The following year, Engleman (unp.18) kindly supplied Blaise with a listing of the ultraviolet spectrum observed at Kitt Peak as far as 230 nm and a number of high levels have been found in both parities. 311 odd levels and 760 even levels were known, a few of them with an uncertain J value, and isotope shift measurements were in progress at Los Alamos. In 1989, Diringer (65.1) had derived the following values (in 10^-3 cm^-1) for the ²³⁸U - ²³⁵U isotope shift of various configurations: DT (5f³7s²) = 1600, DT (5f³6d7s) = 800 and DT (5f³6d²) = 350. Assuming DT (5f⁴6d) = 0, the value DT (5f³7s²) ~ 1950.10^-3 cm^-1 has now been obtained.

Theoretical interpretation

The interpretation of the low odd levels is from Crosswhite (82.3) who has calculated 5f³(7s+6d)². As for U I, labels within parentheses indicate a leading component percentage between 25 and 50 % and a blank entry, a percentage less than 25 %. The percentages given in columns 9 and 10 indicate the contributions for the configurations taken as a whole. Above 12100 cm^-1 the identifications are either from a calculation of 5f³6d7s + 5f³(4I)6d² by Wyart (84.7) or empirical.

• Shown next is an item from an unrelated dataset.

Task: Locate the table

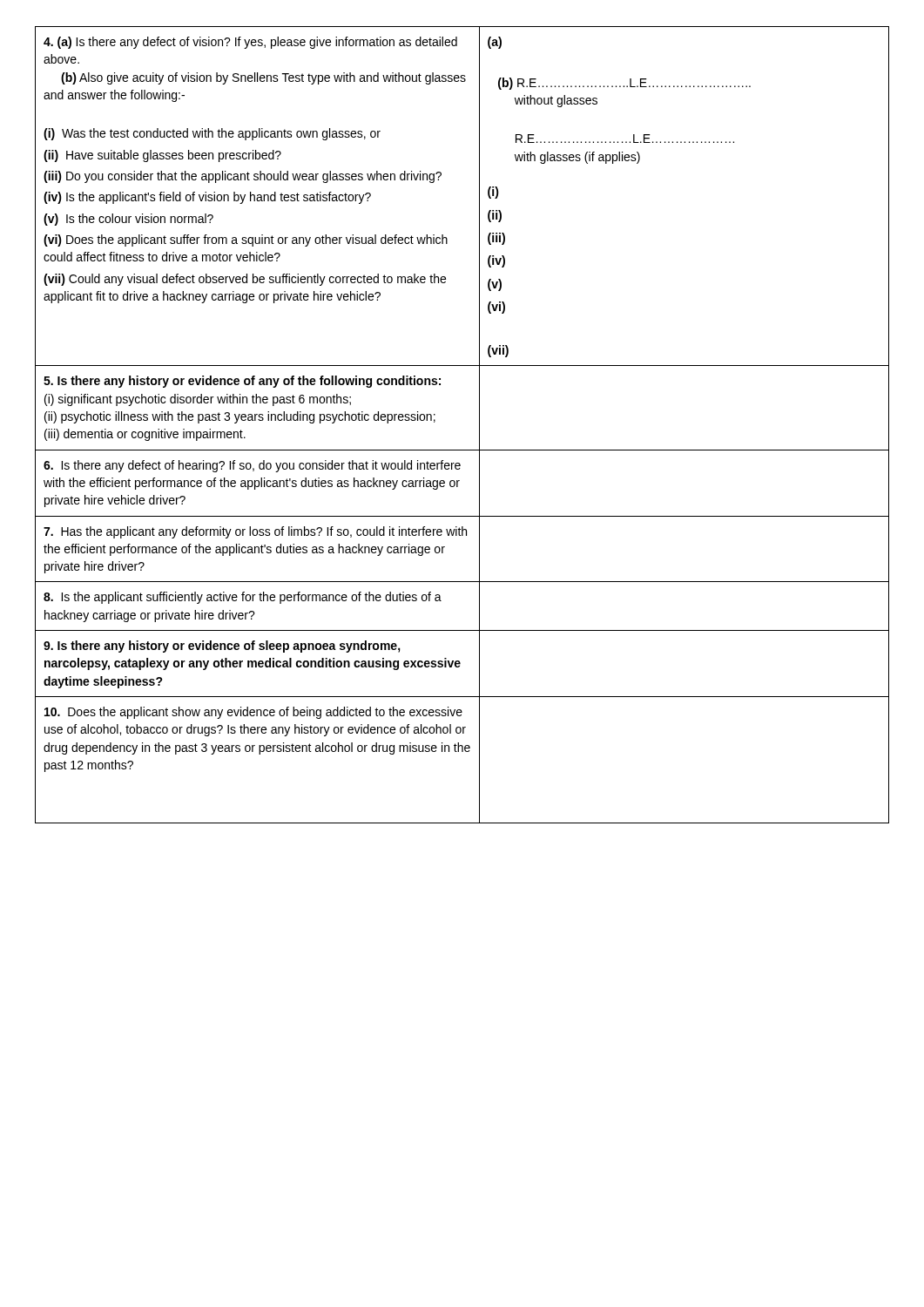Action: coord(462,425)
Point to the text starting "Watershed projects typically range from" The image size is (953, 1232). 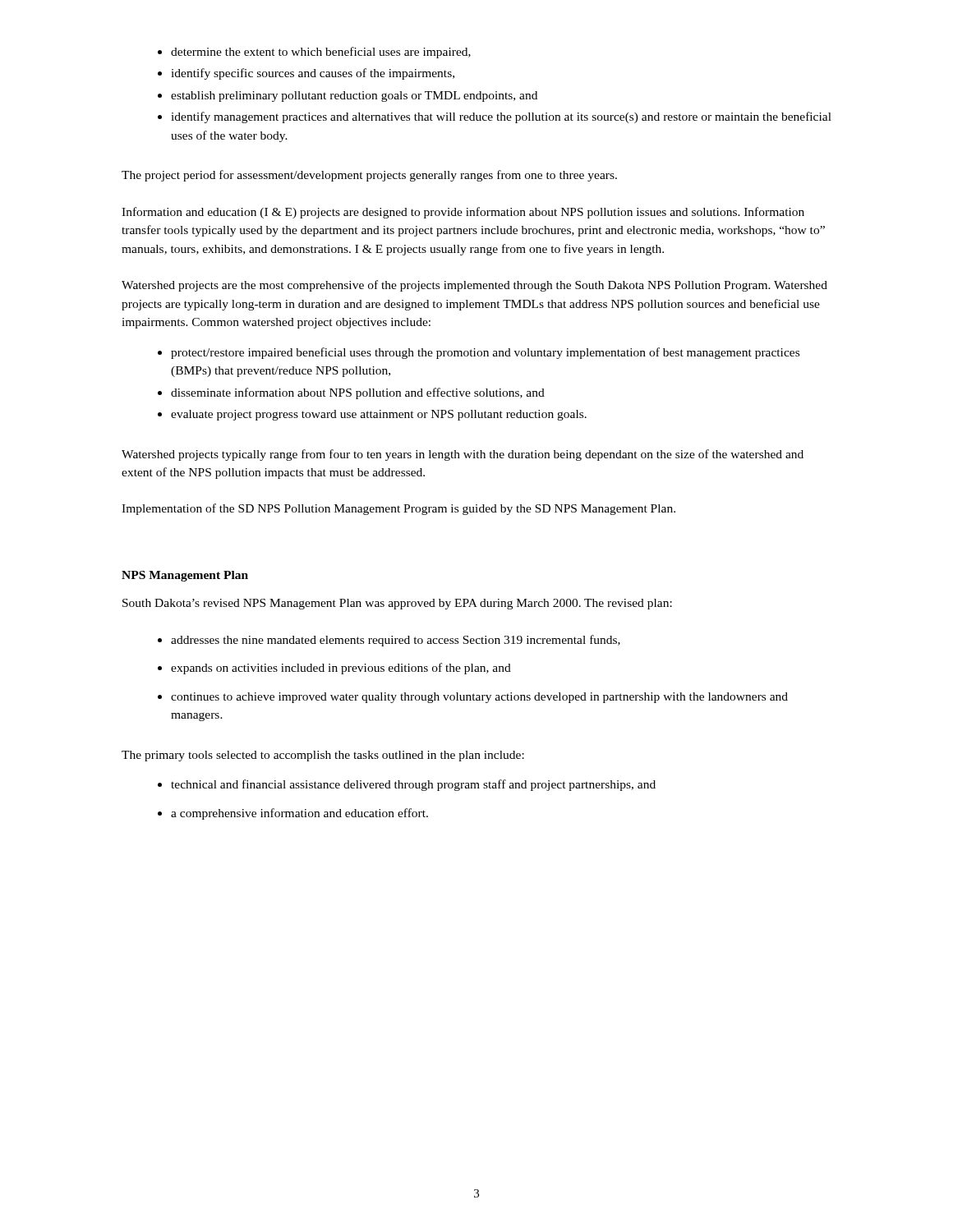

The configuration percentages of nine low even levels are from a calculation of 5f⁴7s + 5f⁴6d + 5f²6d7s² + 5f²6d²7s by Crosswhite (82.3). The calculation of 5f⁴(7s+6d) by Wyart (84.7) has led to the identification of a number of levels below 21000 cm^-1. The identification of levels belonging to the 5f³7s7p and 5f³6d7p configurations is empirical. No level of the 5f²6d³ configuration, expected by Brewer (71.2) to start at 19000 ± 3000 cm^-1, has so far been identified.

Forbidden lines

A parity-forbidden transition, 5f³7s^{2 4}I_9/2 - 5f³7s^{2 4}I_11/2, has been observed at 4420.871 cm^-1 by Conway et al. (84.1). Forbidden transitions between levels of the 5f³6d7s configurations have been identified by Blaise among the unclassified lines listed in (84.1) at the following wavenumbers (in cm^-1): 3510.531 (⁶L_13/2-⁶L_17/2), 3594.096 (⁶L_15/2-⁶L_17/2) and 3232.054 (⁶K_11/2- ⁶K_13/2). A broad line at 2995.169 cm^-1 is probably the 5f³6d7s ⁶K_13/2 - 5f³6d7s ⁶K_15/2 transition expected at 2995.174 cm^-1.

After 1989

The most recent step in the analysis of UII is described in (94.2) which report 354 odd and 809 even levels.
High resolution F.T. spectra from Kitt Peak using e.d. lamps with ²³⁸UI4 and ²³⁴UI4 led to level isotope shifts for 114 odd and 397 even levels. These data will supersede the less accurate ²³⁸U - ²³⁵U shifts in the next up-date of the Table.